▶ _EXERCISE GOAL_
The answer must be a single number: the count of lines in the data below that hold the word "each".

──────── DATASET EXTRACT ────────

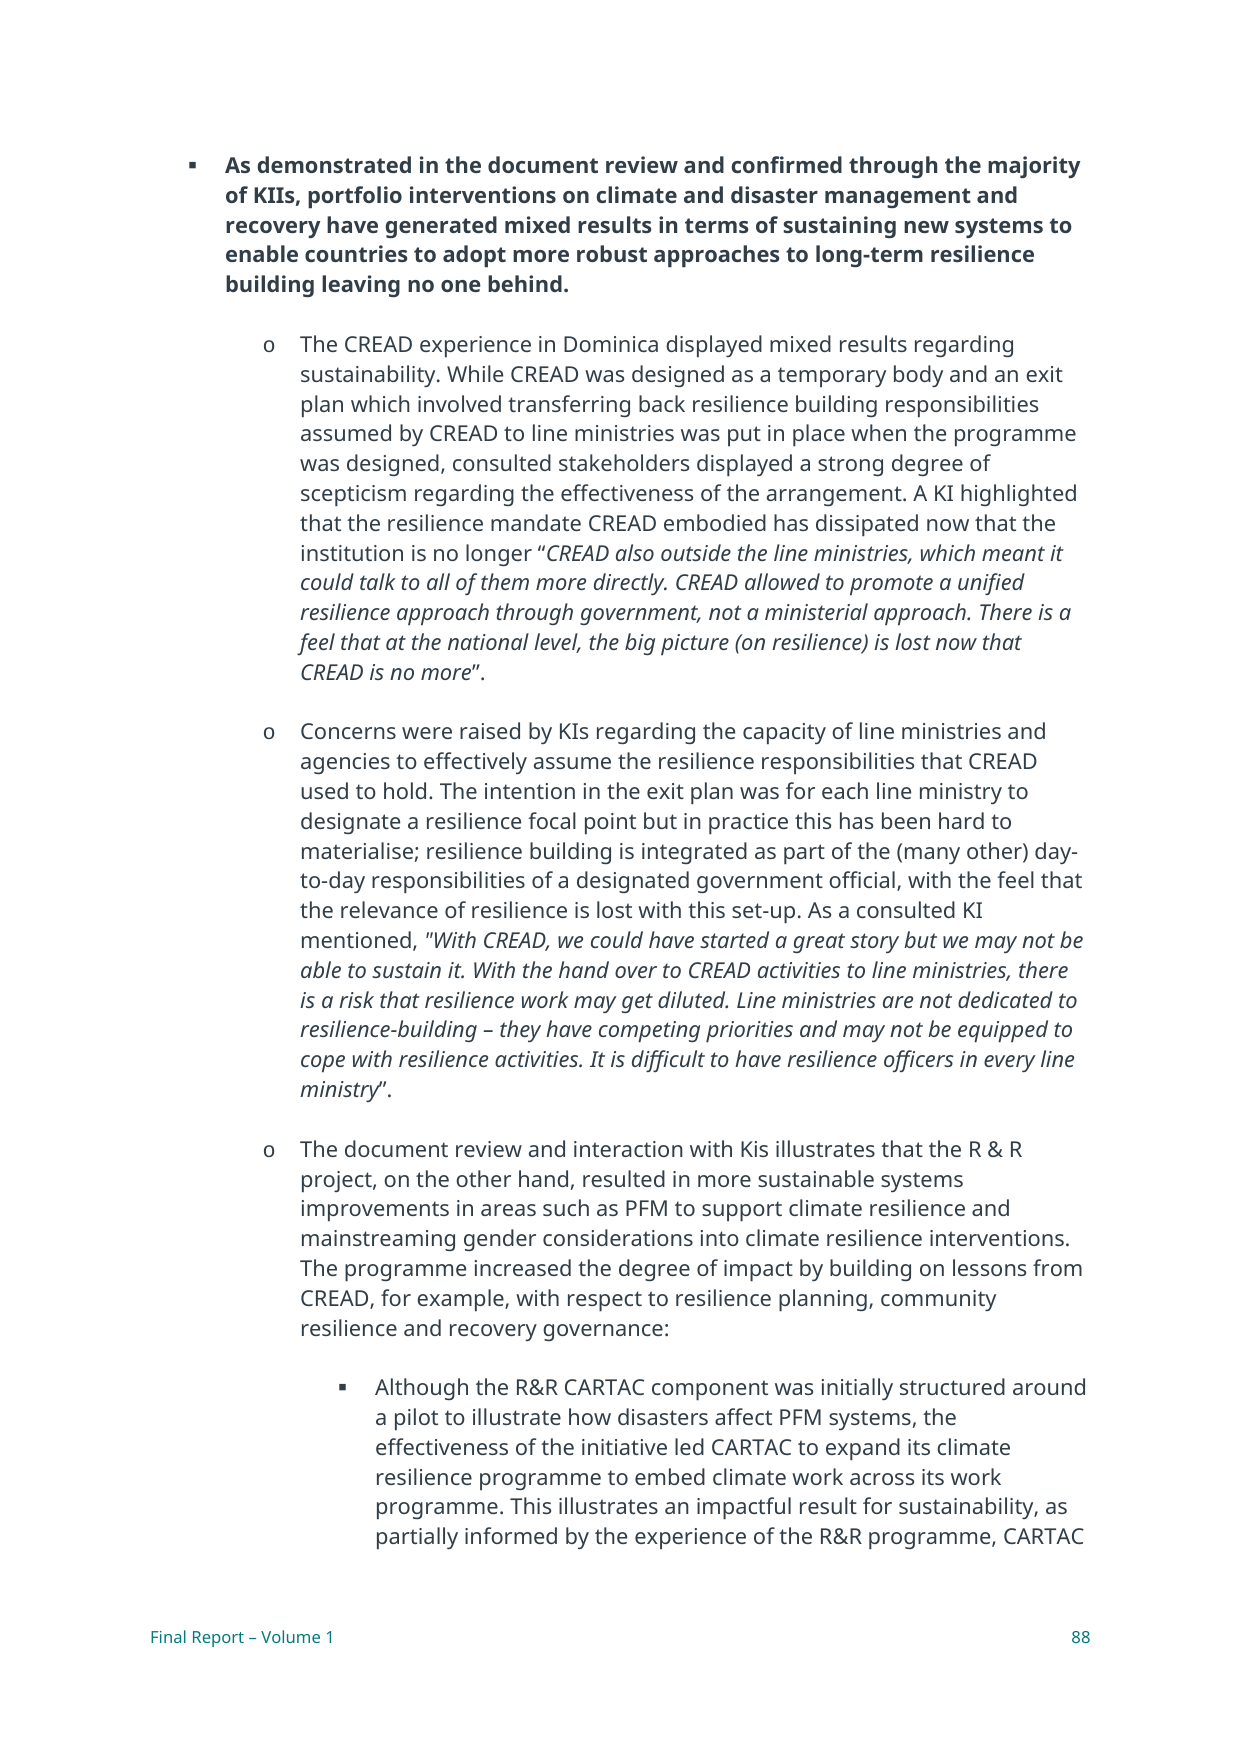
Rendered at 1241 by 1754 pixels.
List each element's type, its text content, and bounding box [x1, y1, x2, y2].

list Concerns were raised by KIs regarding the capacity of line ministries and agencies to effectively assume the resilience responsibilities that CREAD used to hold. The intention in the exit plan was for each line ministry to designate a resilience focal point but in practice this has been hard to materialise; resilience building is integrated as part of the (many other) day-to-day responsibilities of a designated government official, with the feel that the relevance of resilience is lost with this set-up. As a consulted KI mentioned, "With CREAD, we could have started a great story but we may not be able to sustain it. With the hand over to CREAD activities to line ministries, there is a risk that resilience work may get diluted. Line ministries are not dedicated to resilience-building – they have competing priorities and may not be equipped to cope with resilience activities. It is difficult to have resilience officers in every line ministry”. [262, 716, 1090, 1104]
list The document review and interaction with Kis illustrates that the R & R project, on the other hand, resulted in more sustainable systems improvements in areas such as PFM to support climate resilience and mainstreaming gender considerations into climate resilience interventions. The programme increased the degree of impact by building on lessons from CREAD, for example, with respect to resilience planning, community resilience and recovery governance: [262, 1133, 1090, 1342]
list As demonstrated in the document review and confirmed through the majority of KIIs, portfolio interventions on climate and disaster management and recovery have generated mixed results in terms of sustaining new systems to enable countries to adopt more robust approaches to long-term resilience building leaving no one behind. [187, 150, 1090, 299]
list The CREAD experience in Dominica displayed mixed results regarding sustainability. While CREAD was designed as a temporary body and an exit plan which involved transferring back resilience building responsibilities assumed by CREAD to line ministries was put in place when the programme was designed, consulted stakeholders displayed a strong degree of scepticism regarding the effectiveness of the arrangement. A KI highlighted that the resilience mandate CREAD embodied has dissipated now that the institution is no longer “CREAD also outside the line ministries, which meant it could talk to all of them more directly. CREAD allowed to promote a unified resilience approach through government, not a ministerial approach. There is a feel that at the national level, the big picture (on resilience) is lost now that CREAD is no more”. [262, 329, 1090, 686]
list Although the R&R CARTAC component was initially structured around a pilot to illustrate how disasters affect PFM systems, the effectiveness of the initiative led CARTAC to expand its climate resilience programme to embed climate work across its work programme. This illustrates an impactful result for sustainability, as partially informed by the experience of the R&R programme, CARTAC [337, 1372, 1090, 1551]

────────

▶ _OUTPUT_
2